WORK ORDER
Among the lines below, which ones contain the word "size"? Copy every such line.

Excerpts from a dataset

* * *

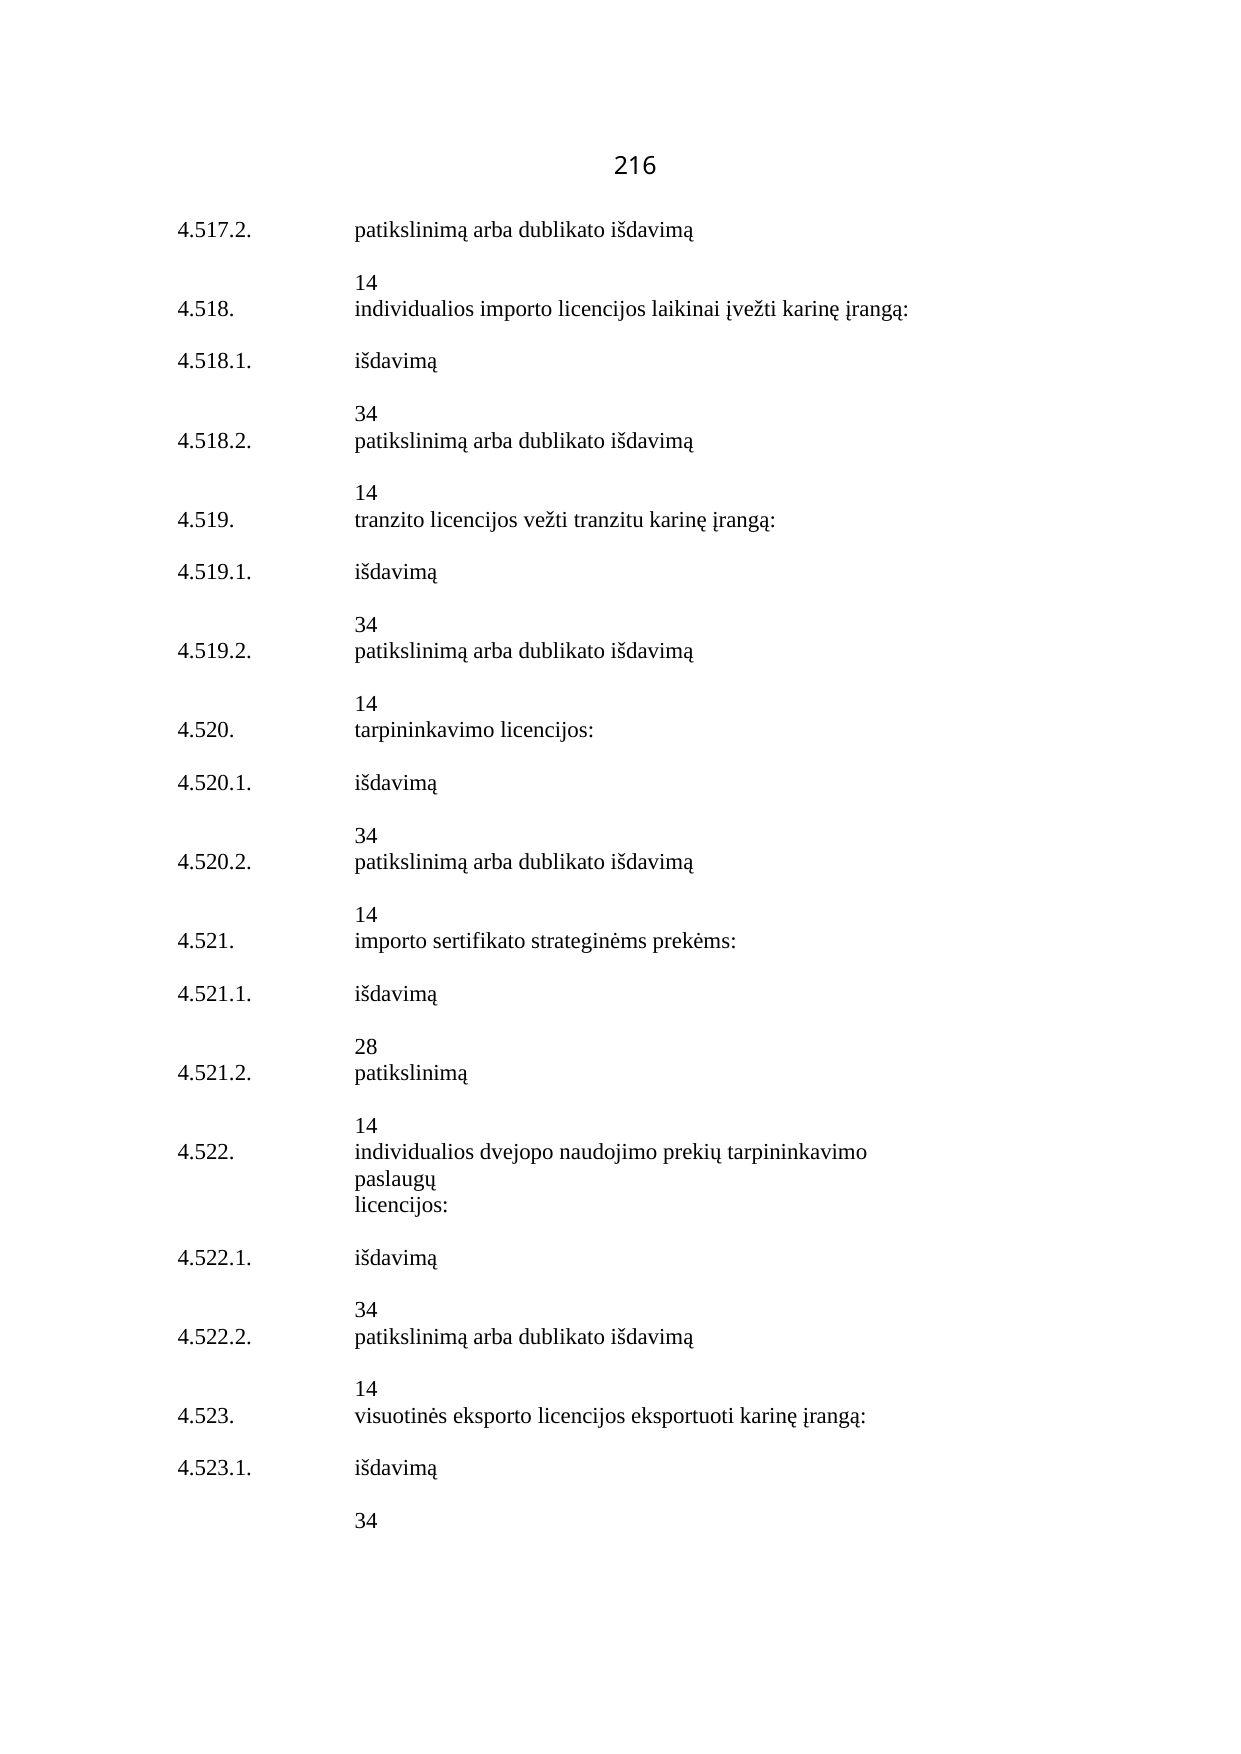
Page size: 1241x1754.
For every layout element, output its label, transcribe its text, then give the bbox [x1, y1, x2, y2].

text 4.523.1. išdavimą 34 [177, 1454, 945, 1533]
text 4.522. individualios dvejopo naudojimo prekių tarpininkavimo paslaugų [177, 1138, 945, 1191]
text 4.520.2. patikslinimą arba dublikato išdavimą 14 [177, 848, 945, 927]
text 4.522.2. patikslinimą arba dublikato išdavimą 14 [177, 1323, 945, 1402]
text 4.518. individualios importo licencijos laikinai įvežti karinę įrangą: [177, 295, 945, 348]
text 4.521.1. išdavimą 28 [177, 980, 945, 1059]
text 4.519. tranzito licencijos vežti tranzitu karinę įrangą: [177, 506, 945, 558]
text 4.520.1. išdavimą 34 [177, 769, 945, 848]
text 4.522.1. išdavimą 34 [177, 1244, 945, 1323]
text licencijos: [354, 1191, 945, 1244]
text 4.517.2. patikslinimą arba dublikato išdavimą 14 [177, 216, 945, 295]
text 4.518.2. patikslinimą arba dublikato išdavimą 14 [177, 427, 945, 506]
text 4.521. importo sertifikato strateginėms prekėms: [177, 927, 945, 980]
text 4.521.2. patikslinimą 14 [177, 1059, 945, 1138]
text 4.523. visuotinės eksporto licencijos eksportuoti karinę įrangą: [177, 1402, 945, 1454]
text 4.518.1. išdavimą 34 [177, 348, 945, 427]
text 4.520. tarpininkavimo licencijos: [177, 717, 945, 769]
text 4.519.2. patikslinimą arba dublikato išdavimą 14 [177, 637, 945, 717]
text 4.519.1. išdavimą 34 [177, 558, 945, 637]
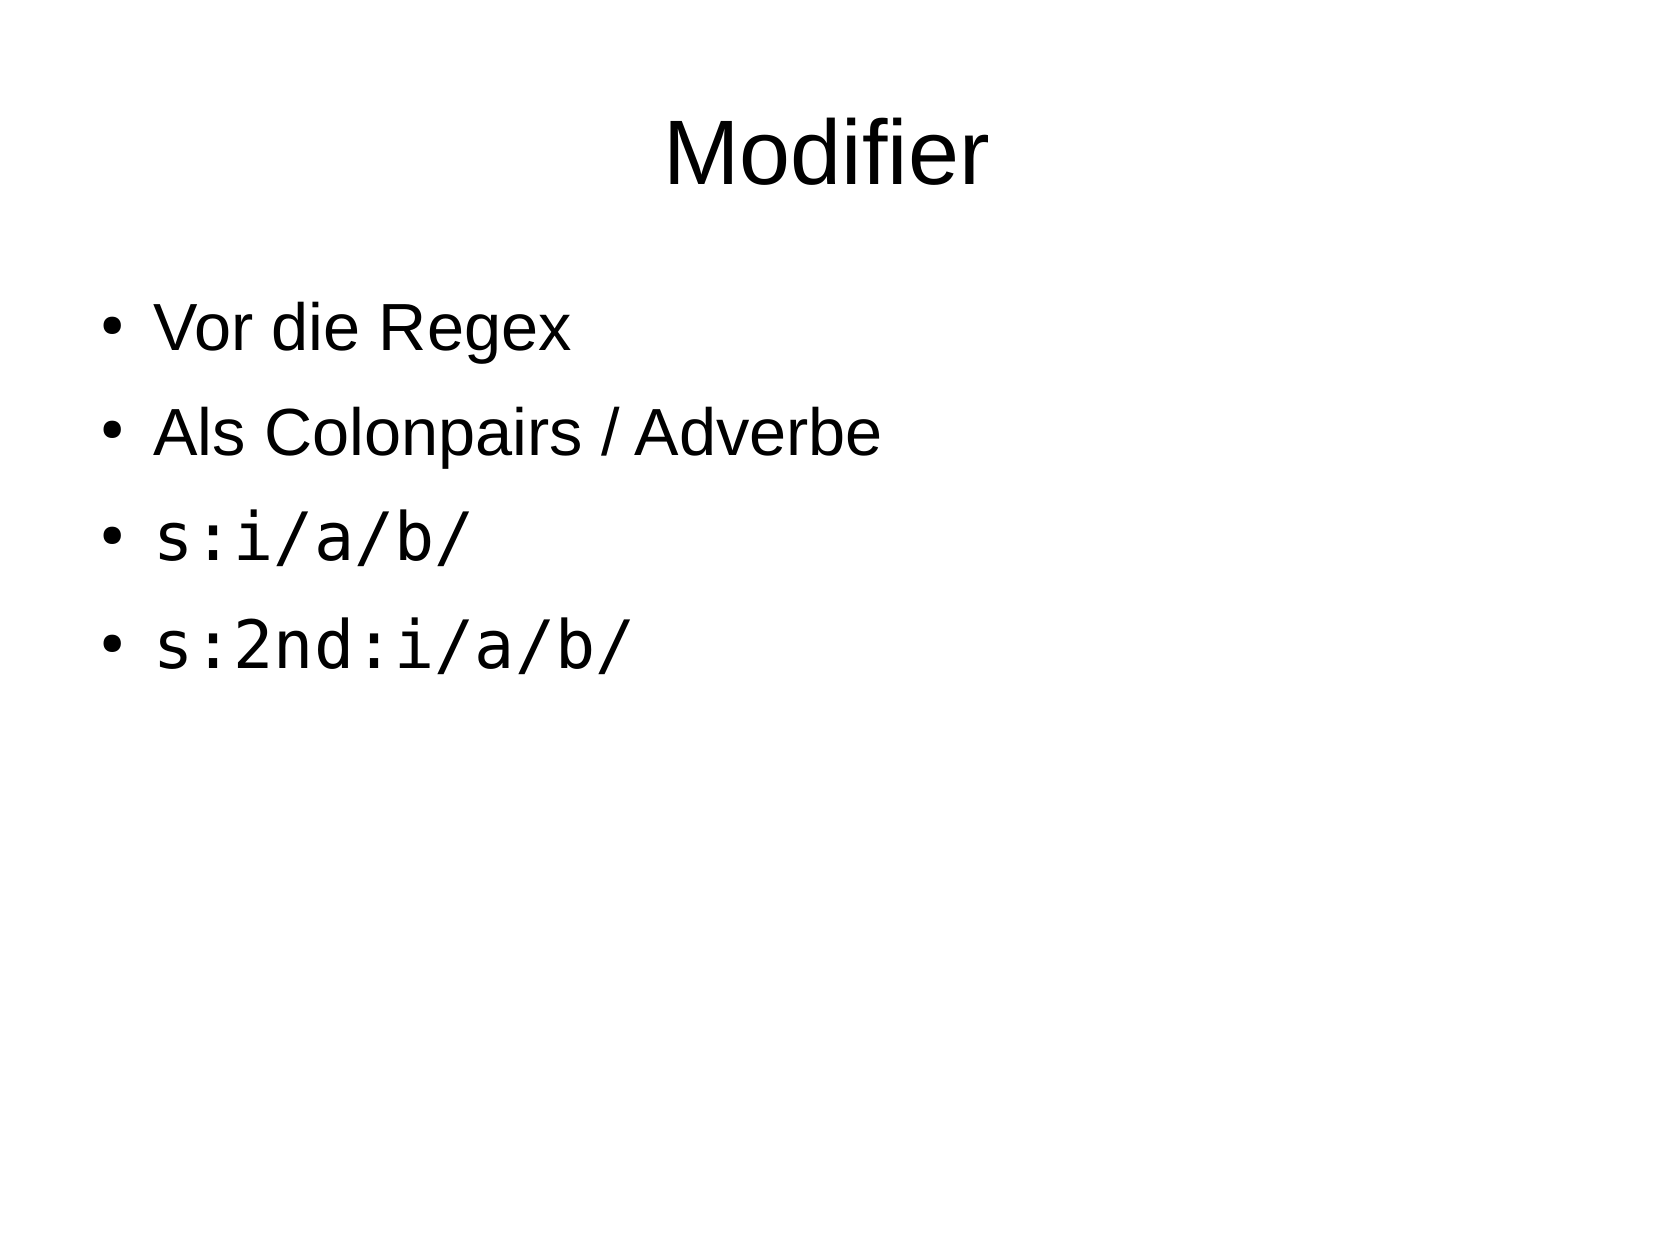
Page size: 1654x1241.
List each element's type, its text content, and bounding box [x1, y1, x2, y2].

* * *

TASK RESPONSE
Page size: 1241x1754.
Page size: 1654x1241.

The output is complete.